▸ **GIVEN DATA**

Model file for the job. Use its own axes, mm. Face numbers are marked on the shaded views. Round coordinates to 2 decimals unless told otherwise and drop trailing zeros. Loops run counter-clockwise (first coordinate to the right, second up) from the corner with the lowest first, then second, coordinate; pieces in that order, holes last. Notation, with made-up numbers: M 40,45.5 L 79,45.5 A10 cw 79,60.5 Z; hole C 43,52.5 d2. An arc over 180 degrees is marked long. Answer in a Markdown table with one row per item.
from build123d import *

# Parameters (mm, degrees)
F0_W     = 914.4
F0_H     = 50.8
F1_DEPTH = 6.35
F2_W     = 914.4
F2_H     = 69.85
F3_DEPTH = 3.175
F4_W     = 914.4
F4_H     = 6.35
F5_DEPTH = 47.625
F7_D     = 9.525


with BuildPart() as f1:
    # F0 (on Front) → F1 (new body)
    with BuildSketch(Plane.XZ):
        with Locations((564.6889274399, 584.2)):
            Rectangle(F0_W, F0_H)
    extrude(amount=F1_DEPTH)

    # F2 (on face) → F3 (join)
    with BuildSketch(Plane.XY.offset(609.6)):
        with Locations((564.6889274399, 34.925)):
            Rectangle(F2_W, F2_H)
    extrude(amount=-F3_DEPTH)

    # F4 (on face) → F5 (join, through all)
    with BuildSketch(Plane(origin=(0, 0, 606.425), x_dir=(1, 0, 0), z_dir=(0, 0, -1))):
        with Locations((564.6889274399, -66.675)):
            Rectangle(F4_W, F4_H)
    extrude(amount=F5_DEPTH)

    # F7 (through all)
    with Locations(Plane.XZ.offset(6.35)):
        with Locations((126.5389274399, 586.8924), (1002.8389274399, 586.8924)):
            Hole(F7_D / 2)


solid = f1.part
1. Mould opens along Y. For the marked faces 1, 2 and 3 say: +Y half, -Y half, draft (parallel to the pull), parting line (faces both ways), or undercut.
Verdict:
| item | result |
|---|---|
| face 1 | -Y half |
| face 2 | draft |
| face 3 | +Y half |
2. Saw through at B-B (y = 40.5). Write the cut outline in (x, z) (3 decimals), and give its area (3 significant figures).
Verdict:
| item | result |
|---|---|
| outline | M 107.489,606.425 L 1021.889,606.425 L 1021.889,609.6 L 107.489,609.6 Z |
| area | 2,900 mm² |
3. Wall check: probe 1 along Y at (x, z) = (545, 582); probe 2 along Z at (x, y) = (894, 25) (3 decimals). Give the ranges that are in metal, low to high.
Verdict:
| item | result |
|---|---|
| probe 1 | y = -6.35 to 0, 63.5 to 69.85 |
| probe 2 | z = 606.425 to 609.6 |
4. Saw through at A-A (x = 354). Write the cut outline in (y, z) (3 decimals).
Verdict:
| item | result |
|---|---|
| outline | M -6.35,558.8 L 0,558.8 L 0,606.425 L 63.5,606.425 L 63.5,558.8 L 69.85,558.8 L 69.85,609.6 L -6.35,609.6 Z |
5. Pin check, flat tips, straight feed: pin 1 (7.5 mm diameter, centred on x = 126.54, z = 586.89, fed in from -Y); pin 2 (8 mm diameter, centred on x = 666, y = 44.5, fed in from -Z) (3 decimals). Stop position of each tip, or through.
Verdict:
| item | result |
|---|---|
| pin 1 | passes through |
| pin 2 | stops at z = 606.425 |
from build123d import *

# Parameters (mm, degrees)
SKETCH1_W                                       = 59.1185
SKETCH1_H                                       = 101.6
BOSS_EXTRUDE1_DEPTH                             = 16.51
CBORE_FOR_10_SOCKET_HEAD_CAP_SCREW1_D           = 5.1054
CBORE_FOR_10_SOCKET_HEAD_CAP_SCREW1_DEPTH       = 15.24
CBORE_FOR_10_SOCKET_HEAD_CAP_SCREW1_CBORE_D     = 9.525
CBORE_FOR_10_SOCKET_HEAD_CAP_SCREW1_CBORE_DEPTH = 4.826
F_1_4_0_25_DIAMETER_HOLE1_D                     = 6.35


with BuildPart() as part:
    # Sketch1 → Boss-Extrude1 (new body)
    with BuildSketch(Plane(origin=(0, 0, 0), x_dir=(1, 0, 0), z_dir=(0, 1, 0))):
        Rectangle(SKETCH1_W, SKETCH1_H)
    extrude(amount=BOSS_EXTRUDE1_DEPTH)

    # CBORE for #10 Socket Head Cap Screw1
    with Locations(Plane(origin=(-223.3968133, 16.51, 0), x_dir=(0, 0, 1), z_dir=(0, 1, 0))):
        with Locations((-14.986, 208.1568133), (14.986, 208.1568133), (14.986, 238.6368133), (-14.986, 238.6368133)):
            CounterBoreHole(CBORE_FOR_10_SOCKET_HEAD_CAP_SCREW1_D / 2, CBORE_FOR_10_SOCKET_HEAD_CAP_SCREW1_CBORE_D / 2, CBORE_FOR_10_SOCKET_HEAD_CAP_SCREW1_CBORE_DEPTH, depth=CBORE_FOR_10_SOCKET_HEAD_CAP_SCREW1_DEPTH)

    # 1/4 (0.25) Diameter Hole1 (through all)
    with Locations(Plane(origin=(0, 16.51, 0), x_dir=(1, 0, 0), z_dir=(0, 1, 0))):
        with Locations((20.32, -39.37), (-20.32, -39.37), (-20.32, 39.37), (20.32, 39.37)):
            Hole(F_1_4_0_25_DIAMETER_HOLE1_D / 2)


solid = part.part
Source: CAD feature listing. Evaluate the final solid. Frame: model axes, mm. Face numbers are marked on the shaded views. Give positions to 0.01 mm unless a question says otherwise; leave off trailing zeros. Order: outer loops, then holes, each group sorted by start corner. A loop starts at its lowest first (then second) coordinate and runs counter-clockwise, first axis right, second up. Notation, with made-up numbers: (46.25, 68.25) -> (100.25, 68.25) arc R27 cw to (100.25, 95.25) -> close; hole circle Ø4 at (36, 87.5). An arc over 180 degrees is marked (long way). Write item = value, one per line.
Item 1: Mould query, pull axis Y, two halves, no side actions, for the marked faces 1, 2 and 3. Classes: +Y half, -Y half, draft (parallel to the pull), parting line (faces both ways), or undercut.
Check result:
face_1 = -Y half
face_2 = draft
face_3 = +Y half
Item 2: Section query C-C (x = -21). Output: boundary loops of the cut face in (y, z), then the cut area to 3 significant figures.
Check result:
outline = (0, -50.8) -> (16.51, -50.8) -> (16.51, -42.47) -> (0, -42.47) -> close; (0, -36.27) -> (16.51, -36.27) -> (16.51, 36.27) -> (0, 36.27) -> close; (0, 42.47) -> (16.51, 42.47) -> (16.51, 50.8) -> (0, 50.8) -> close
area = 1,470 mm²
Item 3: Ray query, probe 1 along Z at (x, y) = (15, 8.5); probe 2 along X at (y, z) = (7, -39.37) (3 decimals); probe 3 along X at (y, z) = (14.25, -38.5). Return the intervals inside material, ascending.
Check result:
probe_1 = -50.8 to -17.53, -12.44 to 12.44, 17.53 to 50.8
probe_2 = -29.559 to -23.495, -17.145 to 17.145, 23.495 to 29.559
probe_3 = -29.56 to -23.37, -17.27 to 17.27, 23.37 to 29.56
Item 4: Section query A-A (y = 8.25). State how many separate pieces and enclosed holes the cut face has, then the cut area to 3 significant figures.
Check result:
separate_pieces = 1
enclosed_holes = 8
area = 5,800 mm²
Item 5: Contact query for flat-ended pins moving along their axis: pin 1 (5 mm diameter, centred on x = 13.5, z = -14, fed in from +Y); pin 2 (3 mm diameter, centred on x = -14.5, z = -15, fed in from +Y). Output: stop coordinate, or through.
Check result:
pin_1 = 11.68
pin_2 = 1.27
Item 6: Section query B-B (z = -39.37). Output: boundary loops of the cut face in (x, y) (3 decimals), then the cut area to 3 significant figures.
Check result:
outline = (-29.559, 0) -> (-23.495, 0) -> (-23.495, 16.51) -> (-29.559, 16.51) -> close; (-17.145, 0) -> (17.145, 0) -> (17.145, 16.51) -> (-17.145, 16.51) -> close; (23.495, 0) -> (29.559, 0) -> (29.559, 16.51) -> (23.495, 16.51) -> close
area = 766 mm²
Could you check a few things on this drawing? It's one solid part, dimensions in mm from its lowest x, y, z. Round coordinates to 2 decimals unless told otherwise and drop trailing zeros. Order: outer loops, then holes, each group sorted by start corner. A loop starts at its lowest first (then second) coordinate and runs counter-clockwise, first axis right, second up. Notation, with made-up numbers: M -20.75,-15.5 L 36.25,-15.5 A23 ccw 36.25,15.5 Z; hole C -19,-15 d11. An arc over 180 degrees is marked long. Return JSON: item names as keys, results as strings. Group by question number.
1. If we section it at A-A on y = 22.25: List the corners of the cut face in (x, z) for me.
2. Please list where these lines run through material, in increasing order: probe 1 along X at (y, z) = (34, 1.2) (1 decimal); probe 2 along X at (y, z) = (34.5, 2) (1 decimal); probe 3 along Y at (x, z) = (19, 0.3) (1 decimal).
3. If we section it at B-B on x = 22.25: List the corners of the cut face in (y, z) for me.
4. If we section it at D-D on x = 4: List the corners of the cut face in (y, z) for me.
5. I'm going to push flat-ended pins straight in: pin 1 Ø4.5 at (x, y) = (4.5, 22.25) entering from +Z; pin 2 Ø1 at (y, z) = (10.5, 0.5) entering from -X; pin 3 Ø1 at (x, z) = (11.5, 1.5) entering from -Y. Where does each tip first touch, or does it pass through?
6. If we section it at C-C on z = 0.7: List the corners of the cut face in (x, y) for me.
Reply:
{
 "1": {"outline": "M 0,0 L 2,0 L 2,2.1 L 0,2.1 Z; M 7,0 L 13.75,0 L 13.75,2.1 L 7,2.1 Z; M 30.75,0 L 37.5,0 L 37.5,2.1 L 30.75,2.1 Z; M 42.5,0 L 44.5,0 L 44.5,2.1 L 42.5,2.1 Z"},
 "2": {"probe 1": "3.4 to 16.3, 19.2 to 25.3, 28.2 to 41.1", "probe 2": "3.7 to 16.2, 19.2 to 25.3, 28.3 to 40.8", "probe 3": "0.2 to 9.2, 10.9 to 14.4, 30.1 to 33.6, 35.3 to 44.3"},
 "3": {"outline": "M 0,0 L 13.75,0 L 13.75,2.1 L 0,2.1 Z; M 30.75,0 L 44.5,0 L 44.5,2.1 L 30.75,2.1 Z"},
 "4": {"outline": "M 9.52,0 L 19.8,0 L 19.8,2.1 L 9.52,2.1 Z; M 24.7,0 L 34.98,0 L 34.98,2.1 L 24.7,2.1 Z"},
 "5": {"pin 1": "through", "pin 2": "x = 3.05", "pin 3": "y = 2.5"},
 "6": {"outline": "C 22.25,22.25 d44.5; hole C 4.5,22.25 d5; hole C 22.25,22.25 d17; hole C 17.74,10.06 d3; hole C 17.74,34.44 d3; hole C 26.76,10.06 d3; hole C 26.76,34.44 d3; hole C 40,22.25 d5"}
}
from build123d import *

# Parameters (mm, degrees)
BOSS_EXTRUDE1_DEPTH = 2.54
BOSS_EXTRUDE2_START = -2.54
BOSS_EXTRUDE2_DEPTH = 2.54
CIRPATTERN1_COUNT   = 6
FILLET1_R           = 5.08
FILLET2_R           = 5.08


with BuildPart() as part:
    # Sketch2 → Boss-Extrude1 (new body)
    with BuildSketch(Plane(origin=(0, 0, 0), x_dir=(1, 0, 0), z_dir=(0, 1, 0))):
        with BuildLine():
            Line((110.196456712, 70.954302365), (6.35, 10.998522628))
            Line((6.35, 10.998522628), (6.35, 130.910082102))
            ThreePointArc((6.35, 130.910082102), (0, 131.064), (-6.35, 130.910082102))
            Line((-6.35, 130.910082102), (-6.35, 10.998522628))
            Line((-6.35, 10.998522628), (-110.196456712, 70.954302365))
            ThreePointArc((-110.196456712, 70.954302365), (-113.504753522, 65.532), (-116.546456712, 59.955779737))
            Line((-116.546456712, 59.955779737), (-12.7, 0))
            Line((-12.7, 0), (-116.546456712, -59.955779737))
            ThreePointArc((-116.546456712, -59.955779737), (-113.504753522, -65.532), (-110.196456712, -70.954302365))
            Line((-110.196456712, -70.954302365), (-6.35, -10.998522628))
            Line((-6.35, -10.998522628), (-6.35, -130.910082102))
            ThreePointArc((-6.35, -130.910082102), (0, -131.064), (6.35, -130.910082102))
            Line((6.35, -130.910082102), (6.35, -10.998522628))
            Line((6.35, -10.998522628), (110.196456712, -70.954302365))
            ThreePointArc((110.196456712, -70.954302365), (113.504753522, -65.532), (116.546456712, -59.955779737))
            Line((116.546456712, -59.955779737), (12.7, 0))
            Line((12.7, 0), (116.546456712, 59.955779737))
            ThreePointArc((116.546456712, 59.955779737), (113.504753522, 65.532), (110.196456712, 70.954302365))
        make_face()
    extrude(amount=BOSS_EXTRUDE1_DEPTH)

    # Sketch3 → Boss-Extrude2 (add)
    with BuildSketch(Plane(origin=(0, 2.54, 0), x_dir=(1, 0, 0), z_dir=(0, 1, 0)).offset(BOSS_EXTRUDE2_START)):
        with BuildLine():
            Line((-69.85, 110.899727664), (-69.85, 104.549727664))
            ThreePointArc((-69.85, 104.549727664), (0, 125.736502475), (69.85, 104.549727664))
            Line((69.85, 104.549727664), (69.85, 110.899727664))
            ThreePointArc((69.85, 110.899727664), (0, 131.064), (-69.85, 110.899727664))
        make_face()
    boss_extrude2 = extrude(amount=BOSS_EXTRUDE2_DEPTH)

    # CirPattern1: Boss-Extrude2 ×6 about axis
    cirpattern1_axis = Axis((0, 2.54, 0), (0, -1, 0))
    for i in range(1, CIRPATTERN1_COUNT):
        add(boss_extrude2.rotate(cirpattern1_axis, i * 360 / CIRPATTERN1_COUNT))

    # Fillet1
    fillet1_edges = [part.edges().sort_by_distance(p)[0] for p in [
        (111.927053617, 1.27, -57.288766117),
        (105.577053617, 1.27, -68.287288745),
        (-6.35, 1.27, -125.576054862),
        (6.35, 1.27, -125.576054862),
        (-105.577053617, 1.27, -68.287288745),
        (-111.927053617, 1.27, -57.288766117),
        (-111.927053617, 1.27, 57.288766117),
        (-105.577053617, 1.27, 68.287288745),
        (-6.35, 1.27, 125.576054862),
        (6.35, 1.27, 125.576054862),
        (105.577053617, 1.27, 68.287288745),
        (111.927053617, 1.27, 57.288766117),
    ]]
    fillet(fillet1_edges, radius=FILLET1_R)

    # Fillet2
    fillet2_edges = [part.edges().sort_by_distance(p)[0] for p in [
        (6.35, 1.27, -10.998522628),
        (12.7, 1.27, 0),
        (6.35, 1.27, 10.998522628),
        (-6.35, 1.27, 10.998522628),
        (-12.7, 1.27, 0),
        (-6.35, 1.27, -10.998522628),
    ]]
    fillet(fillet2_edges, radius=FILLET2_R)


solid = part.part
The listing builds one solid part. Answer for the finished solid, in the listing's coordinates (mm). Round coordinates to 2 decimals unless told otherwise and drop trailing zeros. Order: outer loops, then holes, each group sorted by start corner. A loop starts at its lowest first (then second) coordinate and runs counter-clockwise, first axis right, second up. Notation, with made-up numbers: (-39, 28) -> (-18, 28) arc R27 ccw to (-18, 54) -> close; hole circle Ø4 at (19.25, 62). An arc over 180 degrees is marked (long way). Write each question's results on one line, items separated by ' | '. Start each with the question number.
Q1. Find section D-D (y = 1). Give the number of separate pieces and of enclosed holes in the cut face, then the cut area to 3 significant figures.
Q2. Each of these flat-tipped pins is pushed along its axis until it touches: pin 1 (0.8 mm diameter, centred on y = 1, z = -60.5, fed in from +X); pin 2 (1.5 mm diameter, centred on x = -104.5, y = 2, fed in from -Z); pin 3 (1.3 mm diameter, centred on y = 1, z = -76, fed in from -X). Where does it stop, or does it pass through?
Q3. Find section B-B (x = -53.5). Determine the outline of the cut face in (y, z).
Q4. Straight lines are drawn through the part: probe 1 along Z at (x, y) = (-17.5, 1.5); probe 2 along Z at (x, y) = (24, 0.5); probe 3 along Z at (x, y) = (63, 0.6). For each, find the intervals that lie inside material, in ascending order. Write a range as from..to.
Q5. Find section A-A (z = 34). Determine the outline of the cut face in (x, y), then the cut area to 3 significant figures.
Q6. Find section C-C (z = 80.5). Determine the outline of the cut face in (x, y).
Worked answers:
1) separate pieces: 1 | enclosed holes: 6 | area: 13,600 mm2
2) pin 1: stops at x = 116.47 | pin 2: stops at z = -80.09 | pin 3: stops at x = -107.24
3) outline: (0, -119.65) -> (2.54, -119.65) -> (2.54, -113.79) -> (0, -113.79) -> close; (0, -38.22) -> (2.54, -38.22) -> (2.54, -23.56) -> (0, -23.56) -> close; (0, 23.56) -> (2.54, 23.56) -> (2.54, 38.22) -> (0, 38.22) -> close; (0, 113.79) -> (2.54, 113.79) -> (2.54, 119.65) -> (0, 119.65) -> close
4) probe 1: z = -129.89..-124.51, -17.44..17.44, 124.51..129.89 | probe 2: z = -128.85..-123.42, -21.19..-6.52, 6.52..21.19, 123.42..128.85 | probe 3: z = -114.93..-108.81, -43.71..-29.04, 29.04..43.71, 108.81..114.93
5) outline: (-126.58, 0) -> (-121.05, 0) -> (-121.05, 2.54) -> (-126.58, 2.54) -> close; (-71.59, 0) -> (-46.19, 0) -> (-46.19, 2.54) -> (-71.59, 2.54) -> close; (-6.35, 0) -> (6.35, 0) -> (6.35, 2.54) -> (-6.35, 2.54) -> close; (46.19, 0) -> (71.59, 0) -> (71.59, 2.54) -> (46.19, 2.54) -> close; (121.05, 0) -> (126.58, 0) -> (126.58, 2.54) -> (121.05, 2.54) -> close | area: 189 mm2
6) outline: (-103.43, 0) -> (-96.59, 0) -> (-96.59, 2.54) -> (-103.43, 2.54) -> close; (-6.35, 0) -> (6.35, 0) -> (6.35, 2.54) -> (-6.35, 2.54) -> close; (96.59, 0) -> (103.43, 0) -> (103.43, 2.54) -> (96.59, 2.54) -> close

▸ **ACTION ITEM**
Copy every line in the data above that has the string "Rectangle" in it.

▸ **FINISHED TASK**
            Rectangle(F0_W, F0_H)
            Rectangle(F2_W, F2_H)
            Rectangle(F4_W, F4_H)
        Rectangle(SKETCH1_W, SKETCH1_H)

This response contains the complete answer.